DIRECTIONS FOR THIS TASK: Filter the data for lines with the word "ezdxf", then copy every line so identified.

Stored entries:
-*-*-
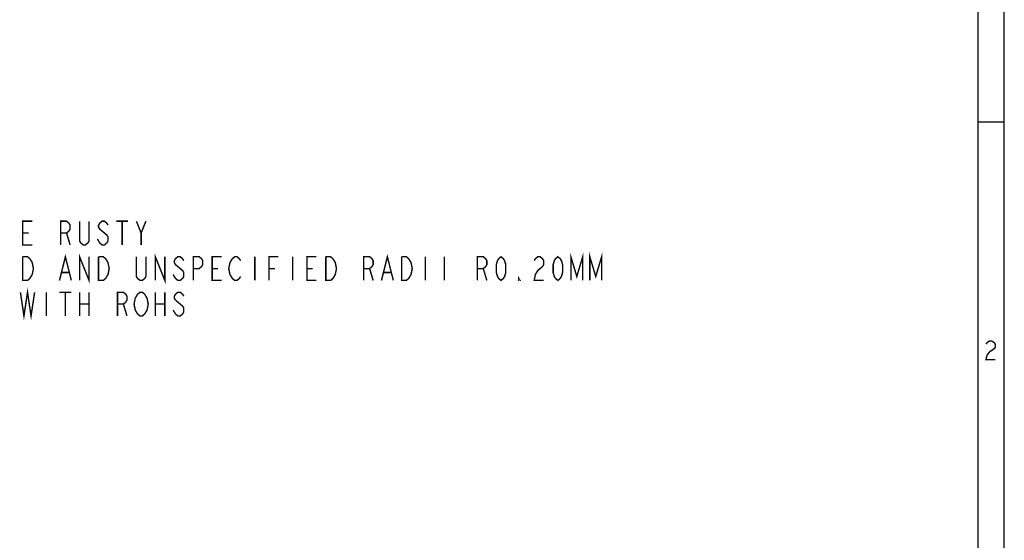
# Model space of a CAD drawing. Header units: millimetres. Extents: x 0 to 420, y 0 to 297.
# Tile 11 of 16: x 316 to 420, y 55 to 110. Entities that reach past the tile are written whole.
import ezdxf

# ---------------------------------------------------------------- set-up
doc = ezdxf.new("R2010")
doc.units = ezdxf.units.MM
doc.header["$LTSCALE"] = 23.1
doc.layers.get('0').update_dxf_attribs({"linetype": 'CONTINUOUS'})

msp = doc.modelspace()

# ---------------------------------------------------------------- linework, layer by layer
at = {"color": 7, "linetype": 'CONTINUOUS', "true_color": 0xf5f5f5}
for p, q in [((419.978, 0.358), (419.978, 296.671)), ((420, 0), (420, 297)), ((417.234, 3.102), (417.234, 293.928)), ((417.234, 99.129), (419.978, 99.129))]:
    msp.add_line(p, q, dxfattribs=at)
at = {"color": 2, "linetype": 'CONTINUOUS', "const_width": 0.15}
for points in [[(317.36, 86.133), (316.36, 86.133), (316.36, 88.633), (317.36, 88.633)], [(320.36, 86.133), (320.36, 88.633), (320.985, 88.633), (321.235, 88.425), (321.36, 88.217), (321.36, 87.8), (321.235, 87.592), (320.985, 87.383), (320.36, 87.383)], [(323.36, 88.633), (323.36, 86.55), (323.235, 86.342), (322.985, 86.133), (322.735, 86.133), (322.485, 86.342), (322.36, 86.55), (322.36, 88.633)], [(325.36, 88.217), (325.235, 88.425), (324.985, 88.633), (324.735, 88.633), (324.485, 88.425), (324.36, 88.217), (324.36, 88.008), (324.485, 87.8), (324.735, 87.592), (324.985, 87.383), (325.235, 87.175), (325.36, 86.967), (325.36, 86.55), (325.235, 86.342), (324.985, 86.133), (324.735, 86.133), (324.485, 86.342), (324.235, 86.758)], [(326.235, 88.633), (327.485, 88.633)], [(326.86, 88.633), (326.86, 86.133)], [(328.36, 88.633), (328.86, 87.383), (328.86, 86.133)], [(328.86, 87.383), (329.36, 88.633)], [(316.36, 87.383), (316.985, 87.383)], [(320.985, 87.383), (321.36, 86.133)], [(322.36, 82.383), (322.36, 84.883), (323.36, 82.383), (323.36, 84.883)], [(330.36, 82.383), (330.36, 84.883), (331.36, 82.383), (331.36, 84.883)], [(374.235, 82.383), (374.235, 84.883), (374.86, 82.8), (375.485, 84.883), (375.485, 82.383)], [(376.235, 82.383), (376.235, 84.883), (376.86, 82.8), (377.485, 84.883), (377.485, 82.383)], [(316.36, 84.883), (316.86, 84.883), (317.11, 84.675)], [(317.36, 83.008), (317.11, 82.592), (316.86, 82.383), (316.36, 82.383), (316.36, 84.883)], [(317.11, 84.675), (317.36, 84.258), (317.485, 83.633), (317.36, 83.008)], [(320.235, 82.383), (320.86, 84.883), (321.485, 82.383)], [(324.36, 84.883), (324.86, 84.883), (325.11, 84.675)], [(325.36, 83.008), (325.11, 82.592), (324.86, 82.383), (324.36, 82.383), (324.36, 84.883)], [(325.11, 84.675), (325.36, 84.258), (325.485, 83.633), (325.36, 83.008)], [(329.36, 84.883), (329.36, 82.8), (329.235, 82.592), (328.985, 82.383), (328.735, 82.383), (328.485, 82.592), (328.36, 82.8), (328.36, 84.883)], [(333.36, 84.467), (333.235, 84.675), (332.985, 84.883), (332.735, 84.883), (332.485, 84.675), (332.36, 84.467), (332.36, 84.258), (332.485, 84.05), (332.735, 83.842), (332.985, 83.633), (333.235, 83.425), (333.36, 83.217), (333.36, 82.8), (333.235, 82.592), (332.985, 82.383), (332.735, 82.383), (332.485, 82.592)], [(334.36, 82.383), (334.36, 84.883), (334.985, 84.883), (335.235, 84.675), (335.36, 84.467), (335.36, 84.05), (335.235, 83.842), (334.985, 83.633), (334.36, 83.633)], [(337.36, 82.383), (336.36, 82.383), (336.36, 84.883), (337.36, 84.883)], [(338.485, 82.592), (338.235, 83.008), (338.11, 83.633), (338.235, 84.258)], [(338.235, 84.258), (338.485, 84.675), (338.735, 84.883), (338.985, 84.883), (339.235, 84.675), (339.36, 84.467)], [(340.86, 84.883), (340.86, 82.383)], [(342.36, 82.383), (342.36, 84.883), (343.36, 84.883)], [(344.86, 84.883), (344.86, 82.383)], [(347.36, 82.383), (346.36, 82.383), (346.36, 84.883), (347.36, 84.883)], [(348.36, 84.883), (348.86, 84.883), (349.11, 84.675)], [(349.11, 84.675), (349.36, 84.258), (349.485, 83.633), (349.36, 83.008), (349.235, 82.8), (349.11, 82.592), (348.86, 82.383), (348.36, 82.383), (348.36, 84.883)], [(352.36, 82.383), (352.36, 84.883), (352.985, 84.883), (353.235, 84.675), (353.36, 84.467), (353.36, 84.05), (353.235, 83.842), (352.985, 83.633), (352.36, 83.633)], [(354.235, 82.383), (354.86, 84.883), (355.485, 82.383)], [(356.36, 84.883), (356.86, 84.883), (357.11, 84.675)], [(357.36, 83.008), (357.11, 82.592), (356.86, 82.383), (356.36, 82.383), (356.36, 84.883)], [(357.11, 84.675), (357.36, 84.258), (357.485, 83.633), (357.36, 83.008)], [(358.86, 84.883), (358.86, 82.383)], [(360.86, 84.883), (360.86, 82.383)], [(364.36, 82.383), (364.36, 84.883), (364.985, 84.883), (365.235, 84.675), (365.36, 84.467), (365.36, 84.05), (365.235, 83.842), (364.985, 83.633), (364.36, 83.633)], [(366.86, 82.383), (366.61, 82.592), (366.485, 82.8), (366.36, 83.217), (366.36, 84.05), (366.485, 84.467), (366.61, 84.675), (366.86, 84.883), (367.11, 84.675), (367.235, 84.467), (367.36, 84.05), (367.36, 83.217), (367.235, 82.8), (367.11, 82.592), (366.86, 82.383)], [(370.36, 84.467), (370.485, 84.675), (370.735, 84.883), (370.985, 84.883), (371.235, 84.675), (371.36, 84.467), (371.36, 84.05), (371.235, 83.842), (370.985, 83.633), (370.735, 83.425), (370.485, 83.008), (370.36, 82.383), (371.36, 82.383)], [(372.86, 82.383), (372.61, 82.592), (372.485, 82.8), (372.36, 83.217), (372.36, 84.05), (372.485, 84.467), (372.61, 84.675), (372.86, 84.883), (373.11, 84.675), (373.235, 84.467), (373.36, 84.05), (373.36, 83.217), (373.235, 82.8), (373.11, 82.592), (372.86, 82.383)], [(320.485, 83.217), (321.235, 83.217)], [(336.36, 83.633), (336.985, 83.633)], [(342.36, 83.633), (342.985, 83.633)], [(346.36, 83.633), (346.985, 83.633)], [(352.985, 83.633), (353.36, 82.383)], [(354.485, 83.217), (355.235, 83.217)], [(364.985, 83.633), (365.36, 82.383)], [(332.485, 82.592), (332.235, 83.008)], [(339.36, 82.8), (339.235, 82.592), (338.985, 82.383), (338.735, 82.383), (338.485, 82.592)], [(368.86, 82.383), (368.735, 82.383), (368.735, 82.592), (368.86, 82.383)], [(316.11, 81.133), (316.485, 78.633), (316.86, 81.133), (317.235, 78.633), (317.61, 81.133)], [(318.86, 81.133), (318.86, 78.633)], [(320.235, 81.133), (321.485, 81.133)], [(320.86, 81.133), (320.86, 78.633)], [(322.36, 81.133), (322.36, 78.633)], [(323.36, 81.133), (323.36, 78.633)], [(326.36, 78.633), (326.36, 81.133), (326.985, 81.133), (327.235, 80.925), (327.36, 80.717), (327.36, 80.3), (327.235, 80.092), (326.985, 79.883), (326.36, 79.883)], [(328.235, 80.508), (328.485, 80.925), (328.735, 81.133), (328.985, 81.133), (329.235, 80.925)], [(330.36, 81.133), (330.36, 78.633)], [(331.36, 81.133), (331.36, 78.633)], [(333.36, 80.717), (333.235, 80.925), (332.985, 81.133), (332.735, 81.133), (332.485, 80.925), (332.36, 80.717), (332.36, 80.508), (332.485, 80.3)], [(328.485, 78.842), (328.235, 79.258), (328.11, 79.883), (328.235, 80.508)], [(329.235, 80.925), (329.485, 80.508), (329.61, 79.883), (329.485, 79.258), (329.235, 78.842)], [(332.485, 80.3), (333.235, 79.675), (333.36, 79.467), (333.36, 79.05), (333.235, 78.842), (332.985, 78.633), (332.735, 78.633), (332.485, 78.842)], [(322.36, 79.883), (323.36, 79.883)], [(326.985, 79.883), (327.36, 78.633)], [(330.36, 79.883), (331.36, 79.883)], [(332.485, 78.842), (332.235, 79.258)], [(329.235, 78.842), (328.985, 78.633), (328.735, 78.633), (328.485, 78.842)]]:
    msp.add_lwpolyline(points, dxfattribs=at)
at = {"color": 7, "linetype": 'CONTINUOUS', "true_color": 0xf5f5f5, "const_width": 0.15}
msp.add_lwpolyline([(418.062, 75.658), (418.186, 75.822), (418.433, 75.987), (418.679, 75.987), (418.926, 75.822), (419.05, 75.658), (419.05, 75.329), (418.926, 75.164), (418.679, 74.999), (418.433, 74.835), (418.186, 74.505), (418.062, 74.012), (419.05, 74.012)], dxfattribs=at)

doc.saveas('drawing.dxf')
-*-*-
SOLUTION FOR THIS EXERCISE:
import ezdxf
doc = ezdxf.new("R2010")
doc.units = ezdxf.units.MM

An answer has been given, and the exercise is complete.